[Problem to work on]: Ignoring the images, restate the records below word for word.

[Data provided]:
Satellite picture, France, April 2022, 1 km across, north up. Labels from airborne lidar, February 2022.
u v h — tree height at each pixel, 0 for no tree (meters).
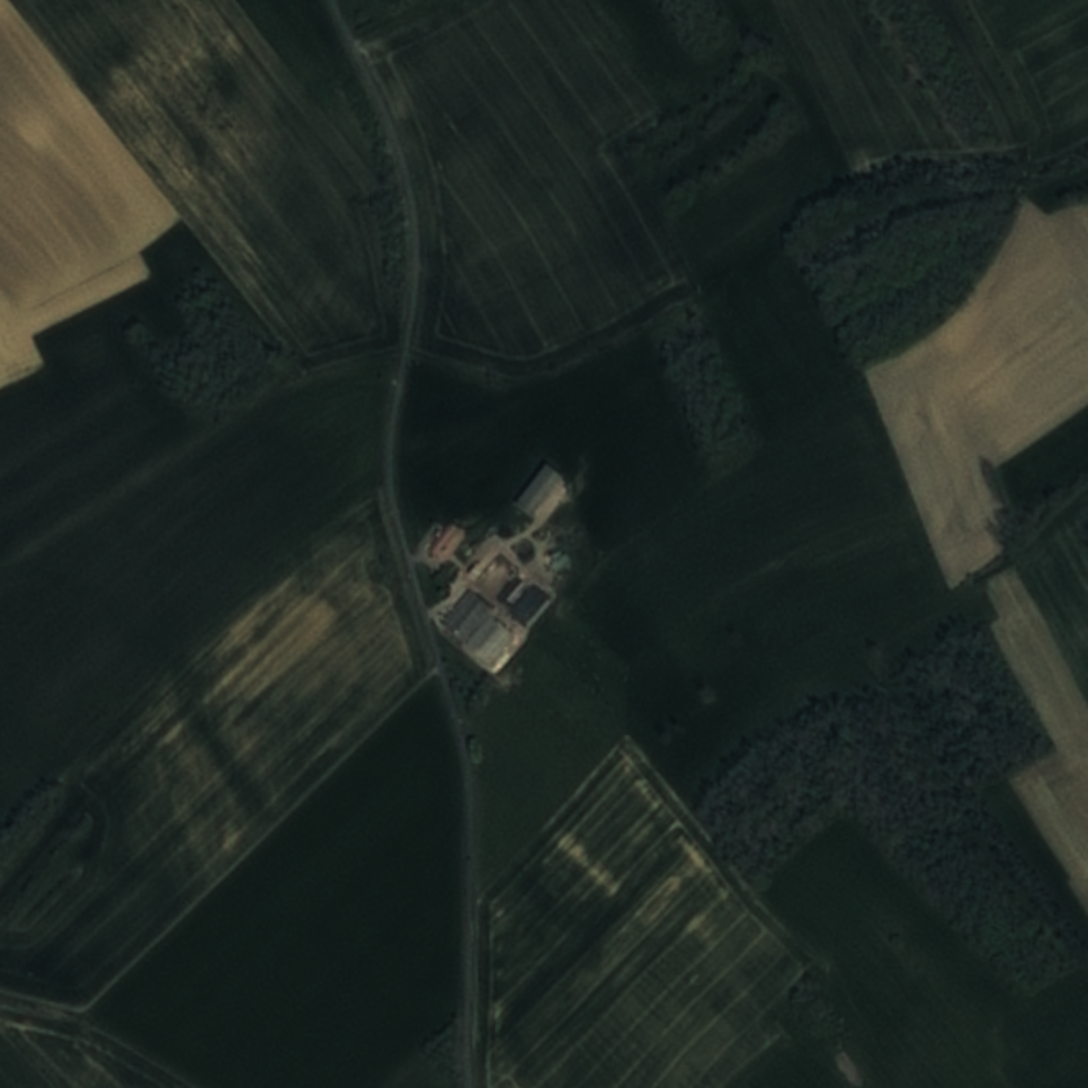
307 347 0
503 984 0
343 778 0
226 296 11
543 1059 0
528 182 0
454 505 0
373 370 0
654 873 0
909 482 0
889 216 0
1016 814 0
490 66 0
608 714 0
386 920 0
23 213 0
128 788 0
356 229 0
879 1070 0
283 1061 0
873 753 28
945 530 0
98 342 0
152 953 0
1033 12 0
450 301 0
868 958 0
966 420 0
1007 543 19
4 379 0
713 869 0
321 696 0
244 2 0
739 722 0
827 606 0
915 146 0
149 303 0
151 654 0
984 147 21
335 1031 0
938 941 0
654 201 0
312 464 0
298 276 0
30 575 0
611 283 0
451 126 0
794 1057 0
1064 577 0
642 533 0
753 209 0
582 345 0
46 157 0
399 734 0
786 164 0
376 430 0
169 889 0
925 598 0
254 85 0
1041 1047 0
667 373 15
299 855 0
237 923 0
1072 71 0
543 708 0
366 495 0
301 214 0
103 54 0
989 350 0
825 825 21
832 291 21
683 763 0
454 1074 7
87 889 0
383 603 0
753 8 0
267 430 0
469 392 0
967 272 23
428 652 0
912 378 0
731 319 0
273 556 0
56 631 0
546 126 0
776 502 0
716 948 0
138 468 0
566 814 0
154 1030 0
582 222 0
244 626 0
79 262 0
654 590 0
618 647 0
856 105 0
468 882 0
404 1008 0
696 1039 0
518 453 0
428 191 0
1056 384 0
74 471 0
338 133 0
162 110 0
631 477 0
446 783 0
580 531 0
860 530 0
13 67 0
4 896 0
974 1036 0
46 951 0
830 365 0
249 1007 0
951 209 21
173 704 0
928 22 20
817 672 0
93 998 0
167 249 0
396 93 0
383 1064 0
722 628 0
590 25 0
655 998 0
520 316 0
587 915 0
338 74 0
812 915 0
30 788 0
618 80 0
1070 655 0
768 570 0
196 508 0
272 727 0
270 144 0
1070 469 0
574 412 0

[Response to the task]:
Satellite picture, France, April 2022, 1 km across, north up. Labels from airborne lidar, February 2022.
u v h — tree height at each pixel, 0 for no tree (meters).
307 347 0
503 984 0
343 778 0
226 296 11
543 1059 0
528 182 0
454 505 0
373 370 0
654 873 0
909 482 0
889 216 0
1016 814 0
490 66 0
608 714 0
386 920 0
23 213 0
128 788 0
356 229 0
879 1070 0
283 1061 0
873 753 28
945 530 0
98 342 0
152 953 0
1033 12 0
450 301 0
868 958 0
966 420 0
1007 543 19
4 379 0
713 869 0
321 696 0
244 2 0
739 722 0
827 606 0
915 146 0
149 303 0
151 654 0
984 147 21
335 1031 0
938 941 0
654 201 0
312 464 0
298 276 0
30 575 0
611 283 0
451 126 0
794 1057 0
1064 577 0
642 533 0
753 209 0
582 345 0
46 157 0
399 734 0
786 164 0
376 430 0
169 889 0
925 598 0
254 85 0
1041 1047 0
667 373 15
299 855 0
237 923 0
1072 71 0
543 708 0
366 495 0
301 214 0
103 54 0
989 350 0
825 825 21
832 291 21
683 763 0
454 1074 7
87 889 0
383 603 0
753 8 0
267 430 0
469 392 0
967 272 23
428 652 0
912 378 0
731 319 0
273 556 0
56 631 0
546 126 0
776 502 0
716 948 0
138 468 0
566 814 0
154 1030 0
582 222 0
244 626 0
79 262 0
654 590 0
618 647 0
856 105 0
468 882 0
404 1008 0
696 1039 0
518 453 0
428 191 0
1056 384 0
74 471 0
338 133 0
162 110 0
631 477 0
446 783 0
580 531 0
860 530 0
13 67 0
4 896 0
974 1036 0
46 951 0
830 365 0
249 1007 0
951 209 21
173 704 0
928 22 20
817 672 0
93 998 0
167 249 0
396 93 0
383 1064 0
722 628 0
590 25 0
655 998 0
520 316 0
587 915 0
338 74 0
812 915 0
30 788 0
618 80 0
1070 655 0
768 570 0
196 508 0
272 727 0
270 144 0
1070 469 0
574 412 0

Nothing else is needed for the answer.